Company Profile
The company Halyard didn’t build
Ana Ferreira and Tom Aldous have run a sailmaking company to $6M ARR and 31 staff without outside money. The interesting decisions are all the ones they declined.

The whiteboard in the corner of Halyard’s loft has one column that never gets erased. It is headed “Not doing,” and it is longer than anything else in the room. Motor yachts. A hardware line. A Newport office. Two term sheets, each written up on the day it was declined. Ana Ferreira added the first entry in March 2021 and says she has never once been tempted to wipe it. “People ask how we got to six million,” she said. “The list is the answer. It’s just an unsatisfying one.”
Halyard makes and services sails and rigging. It employs 31 people, has been profitable since its third year, has never raised outside capital, and passed $6M in annual recurring revenue this June. Ferreira and Aldous own all of it. Neither has a story about a moment when everything changed, which is a problem when you are trying to write about them, and the reason the whiteboard is more useful than the founders are.
The Tuesday product
The company’s first product was not sails. It was a rigging-tension sensor — a puck the size of a pocket watch that clamped to a shroud and reported load to a phone. Aldous had built the prototype before Ferreira joined, and it was, by every account including his own, good. Eleven boatyards had agreed to trial it. A regional sailing club had asked about fitting forty. They killed it on a Tuesday in October 2020, nine weeks before the trial units were due. The reason was boring. Ferreira had spent three weeks at the yards watching what riggers actually did with tension numbers, and the answer was mostly nothing — the number confirmed a judgement they had already made by hand. The people who wanted the puck were owners, not riggers, and owners bought one, once, and never again. Meanwhile every yard she visited complained about the same thing: their sail servicing was six weeks out and nobody would give them a date.
The sensor answered a question no one was actually asking. The servicing backlog was a question everyone was shouting.
Aldous took it badly for about four days. He has since called the decision the best one the company ever made, which Ferreira notes is easy to say six years and six million dollars later. What she thinks actually mattered is that they killed it before the trial rather than after — because after, there would have been eleven yards with units on their boats and a moral obligation to support them for a decade. The sensor is in a drawer in the loft. Aldous will show it to you if you ask.
Two term sheets and a training constraint
The first term sheet arrived in 2022, at a valuation Ferreira calls “flattering and wrong.” The second came last autumn, from a fund with a specific plan: acquire two regional rigging outfits inside eighteen months and consolidate servicing on the eastern seaboard. Both offers left the founders with a majority. Both were declined inside a week.

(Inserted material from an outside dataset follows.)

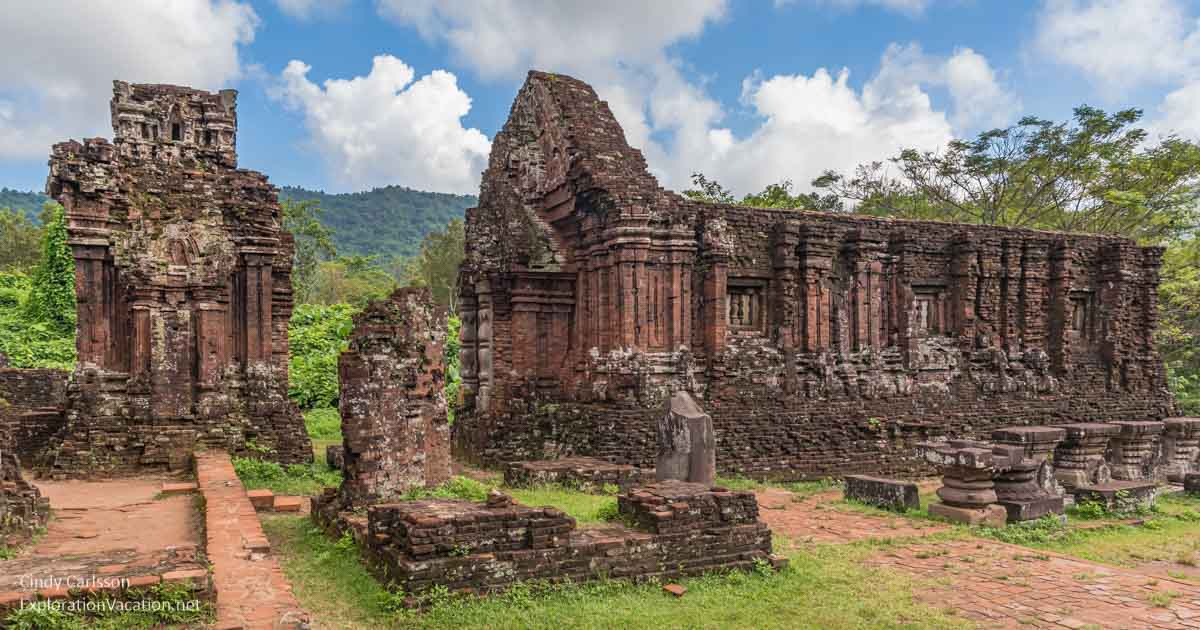Imagine the temple complex at the height of its use. What might it have looked like? In its prime, the My Son temple complex would have been a bustling hub of religious activity and architectural splendor. The temples, adorned with intricate stone carvings and vibrant colors, would have stood tall and majestic, their spires reaching towards the sky. Priests and devotees would have thronged the temples, performing rituals and ceremonies amidst the aromatic waft of incense and the rhythmic chants of hymns. Surrounding the temples, verdant gardens and courtyards would have been meticulously maintained, offering a serene environment for contemplation and worship. The sight would have been both awe-inspiring and tranquil, a true epitome of ancient grandeur and spirituality. If this temple complex could speak, what stories would it tell? If the My Son temple complex could speak, it would narrate tales of its glorious past, reflecting centuries of devotion, power, and artistry. It would recount the grandeur of the Champa kings who commissioned these temples, the skilled artisans who painstakingly carved the intricate reliefs, and the priests who performed sacred rituals in its sanctums. It would tell of the times when the temples echoed with the hymns and prayers of devout worshippers and witnessed grand religious ceremonies celebrating the divine. It would also speak of the invasions and conflicts that led to its partial destruction and the relentless passage of time that weathered its structures. Despite all, it stands resilient, a silent storyteller of an ancient civilization's rich heritage and enduring spirit.

The reason is not ideological, and Ferreira gets impatient when people try to make it so. It is arithmetic about people. A sail cutter takes roughly four years to work independently on custom orders, and Halyard has never hired one who was already finished — partly conviction, mostly because they don’t exist in the numbers the company would need. The loft runs three apprentices at a time, a figure set by what the senior cutters can supervise without slowing their own work. So the growth ceiling is not demand and it is not capital. It is three. “The fund’s plan was excellent,” Aldous said. “It just required us to buy trained people, and the trained people we’d be buying were the ones already too busy to train anyone else. In year four you have double the revenue and nobody who can cut a mainsail.”
The markets they skipped
The “Not doing” column is mostly markets, and each entry has a date and a one-line reason in Ferreira’s handwriting:
- Motor yachts, 2022 — “No sails. Obviously. Someone still asked.”
- Racing syndicates, 2023 — margin fine, cash terms ruinous, everything due the week after the season ends.
- Retail rigging hardware, 2023 — would have meant a warehouse and a catalogue, neither of which anyone in the building wanted to run.
- A Newport office, 2024 — declined twice, once by each founder, four months apart, without consulting the other.
- Sail cloth manufacture, 2025 — “We are customers. Good ones. Stay that way.”
The Newport entry is the one they argue about. There is a plausible version of Halyard that took the office, chased the regatta trade, and is twice the size today. Aldous concedes it. He also points out that the version would have been staffed by cutters flown in from the home loft, which is a sentence he can finish two ways and neither ends well. What’s coming instead is modest by design: a second loft in early 2027, leased rather than bought, and a fourth apprentice slot if a senior cutter volunteers to supervise it. Nobody has volunteered. Ferreira says the slot stays empty until someone does, which is either discipline or stubbornness depending on which of the two you ask. The whiteboard has room for about six more lines.